**The problem**
Leave the pictures out while you restate every entry below word for word.

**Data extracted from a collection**

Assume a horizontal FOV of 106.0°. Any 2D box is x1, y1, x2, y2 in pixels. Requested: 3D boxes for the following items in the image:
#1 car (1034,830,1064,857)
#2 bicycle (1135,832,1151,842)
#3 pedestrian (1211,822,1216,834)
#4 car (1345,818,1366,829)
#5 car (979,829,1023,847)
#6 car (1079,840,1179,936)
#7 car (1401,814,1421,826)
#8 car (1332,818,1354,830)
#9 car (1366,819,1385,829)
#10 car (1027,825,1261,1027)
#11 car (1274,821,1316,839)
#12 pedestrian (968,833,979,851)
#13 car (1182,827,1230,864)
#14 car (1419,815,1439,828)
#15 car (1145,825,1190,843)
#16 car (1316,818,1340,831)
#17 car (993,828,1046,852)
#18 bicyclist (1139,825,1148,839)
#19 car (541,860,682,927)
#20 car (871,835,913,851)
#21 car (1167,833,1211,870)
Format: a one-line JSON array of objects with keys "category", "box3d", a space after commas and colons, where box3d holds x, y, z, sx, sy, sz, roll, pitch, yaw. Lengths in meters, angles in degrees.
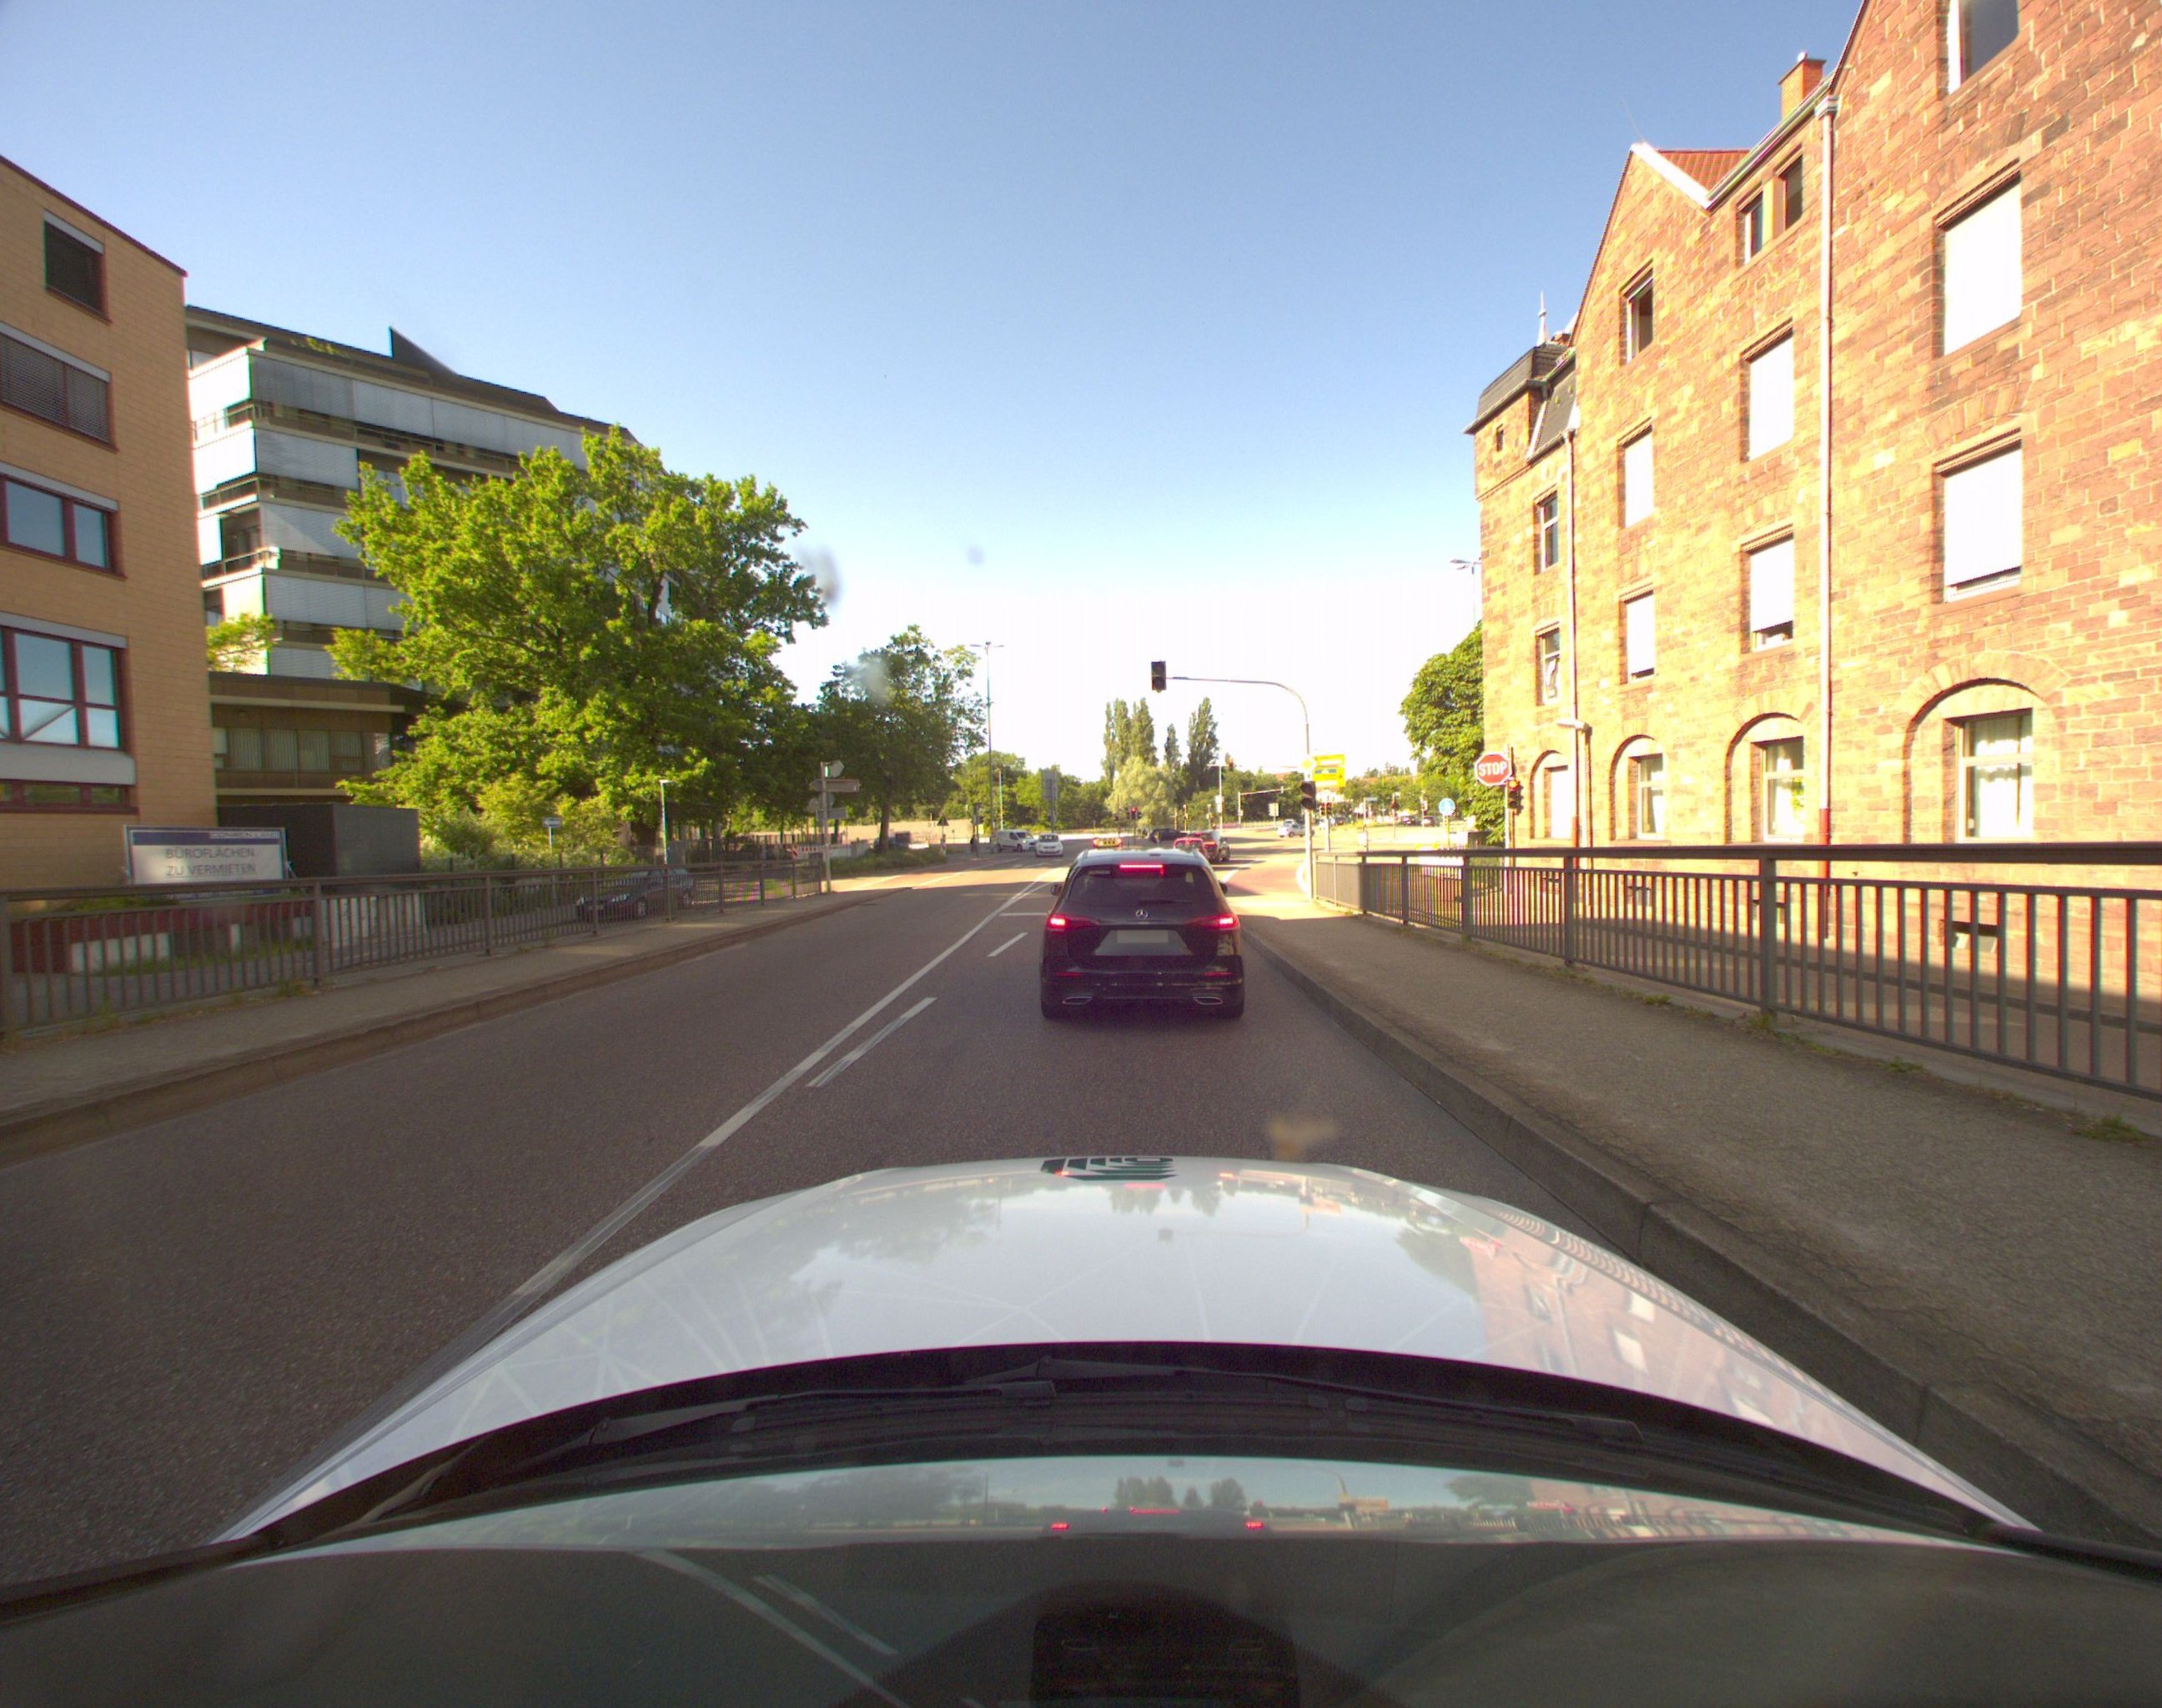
[{"category": "car", "box3d": [-2.119, -0.749, 55.410, 1.772, 1.635, 4.001, -3, 3, 1]}, {"category": "bicycle", "box3d": [6.916, -1.884, 90.296, 2.002, 1.050, 0.521, -4, 2, -44]}, {"category": "pedestrian", "box3d": [18.789, -3.678, 115.752, 0.446, 1.585, 0.504, -2, 2, 42]}, {"category": "car", "box3d": [41.802, -4.594, 123.973, 1.860, 1.578, 4.026, -1, 2, 37]}, {"category": "car", "box3d": [-7.918, -1.599, 80.616, 3.964, 1.629, 1.896, -2, 1, 8]}, {"category": "car", "box3d": [0.921, 0.549, 15.510, 1.633, 1.529, 3.478, -2, 1, 4]}, {"category": "car", "box3d": [47.639, -4.832, 117.571, 1.866, 1.547, 4.025, -1, 0, 33]}, {"category": "car", "box3d": [37.935, -4.366, 117.906, 1.860, 1.578, 4.026, -1, 2, 37]}, {"category": "car", "box3d": [50.075, -5.074, 138.513, 1.860, 1.578, 4.026, -1, 2, 37]}, {"category": "car", "box3d": [0.559, 0.553, 8.541, 1.871, 1.613, 4.001, 0, 1, 1]}, {"category": "car", "box3d": [22.049, -2.472, 83.869, 4.009, 1.629, 1.874, -2, 1, -27]}, {"category": "pedestrian", "box3d": [-8.803, -0.994, 66.817, 0.700, 1.525, 0.746, -1, 1, 12]}, {"category": "car", "box3d": [6.753, -0.501, 43.595, 1.707, 1.812, 4.319, -2, 1, 19]}, {"category": "car", "box3d": [46.508, -4.317, 108.874, 1.722, 1.497, 4.026, -2, 0, 34]}, {"category": "car", "box3d": [8.471, -1.987, 79.820, 3.983, 1.629, 1.886, -2, 1, -7]}, {"category": "car", "box3d": [34.271, -4.103, 112.810, 1.860, 1.578, 4.026, -1, 2, 37]}, {"category": "car", "box3d": [-5.083, -1.162, 66.833, 1.934, 1.794, 4.842, -4, 2, -38]}, {"category": "bicyclist", "box3d": [6.898, -2.449, 90.273, 0.812, 1.551, 0.521, -4, 2, -44]}, {"category": "car", "box3d": [-14.177, 1.122, 24.901, 1.845, 1.692, 4.002, -2, 2, 1]}, {"category": "car", "box3d": [-20.479, -1.167, 88.074, 4.354, 1.629, 1.903, -1, 1, 33]}, {"category": "car", "box3d": [5.057, -0.157, 37.953, 1.710, 1.521, 3.499, -1, 3, 12]}]

**Solution to the problem**
Assume a horizontal FOV of 106.0°. Any 2D box is x1, y1, x2, y2 in pixels. Requested: 3D boxes for the following items in the image:
#1 car (1034,830,1064,857)
#2 bicycle (1135,832,1151,842)
#3 pedestrian (1211,822,1216,834)
#4 car (1345,818,1366,829)
#5 car (979,829,1023,847)
#6 car (1079,840,1179,936)
#7 car (1401,814,1421,826)
#8 car (1332,818,1354,830)
#9 car (1366,819,1385,829)
#10 car (1027,825,1261,1027)
#11 car (1274,821,1316,839)
#12 pedestrian (968,833,979,851)
#13 car (1182,827,1230,864)
#14 car (1419,815,1439,828)
#15 car (1145,825,1190,843)
#16 car (1316,818,1340,831)
#17 car (993,828,1046,852)
#18 bicyclist (1139,825,1148,839)
#19 car (541,860,682,927)
#20 car (871,835,913,851)
#21 car (1167,833,1211,870)
Format: a one-line JSON array of objects with keys "category", "box3d", a space after commas and colons, where box3d holds x, y, z, sx, sy, sz, roll, pitch, yaw. Lengths in meters, angles in degrees.
[{"category": "car", "box3d": [-2.119, -0.749, 55.410, 1.772, 1.635, 4.001, -3, 3, 1]}, {"category": "bicycle", "box3d": [6.916, -1.884, 90.296, 2.002, 1.050, 0.521, -4, 2, -44]}, {"category": "pedestrian", "box3d": [18.789, -3.678, 115.752, 0.446, 1.585, 0.504, -2, 2, 42]}, {"category": "car", "box3d": [41.802, -4.594, 123.973, 1.860, 1.578, 4.026, -1, 2, 37]}, {"category": "car", "box3d": [-7.918, -1.599, 80.616, 3.964, 1.629, 1.896, -2, 1, 8]}, {"category": "car", "box3d": [0.921, 0.549, 15.510, 1.633, 1.529, 3.478, -2, 1, 4]}, {"category": "car", "box3d": [47.639, -4.832, 117.571, 1.866, 1.547, 4.025, -1, 0, 33]}, {"category": "car", "box3d": [37.935, -4.366, 117.906, 1.860, 1.578, 4.026, -1, 2, 37]}, {"category": "car", "box3d": [50.075, -5.074, 138.513, 1.860, 1.578, 4.026, -1, 2, 37]}, {"category": "car", "box3d": [0.559, 0.553, 8.541, 1.871, 1.613, 4.001, 0, 1, 1]}, {"category": "car", "box3d": [22.049, -2.472, 83.869, 4.009, 1.629, 1.874, -2, 1, -27]}, {"category": "pedestrian", "box3d": [-8.803, -0.994, 66.817, 0.700, 1.525, 0.746, -1, 1, 12]}, {"category": "car", "box3d": [6.753, -0.501, 43.595, 1.707, 1.812, 4.319, -2, 1, 19]}, {"category": "car", "box3d": [46.508, -4.317, 108.874, 1.722, 1.497, 4.026, -2, 0, 34]}, {"category": "car", "box3d": [8.471, -1.987, 79.820, 3.983, 1.629, 1.886, -2, 1, -7]}, {"category": "car", "box3d": [34.271, -4.103, 112.810, 1.860, 1.578, 4.026, -1, 2, 37]}, {"category": "car", "box3d": [-5.083, -1.162, 66.833, 1.934, 1.794, 4.842, -4, 2, -38]}, {"category": "bicyclist", "box3d": [6.898, -2.449, 90.273, 0.812, 1.551, 0.521, -4, 2, -44]}, {"category": "car", "box3d": [-14.177, 1.122, 24.901, 1.845, 1.692, 4.002, -2, 2, 1]}, {"category": "car", "box3d": [-20.479, -1.167, 88.074, 4.354, 1.629, 1.903, -1, 1, 33]}, {"category": "car", "box3d": [5.057, -0.157, 37.953, 1.710, 1.521, 3.499, -1, 3, 12]}]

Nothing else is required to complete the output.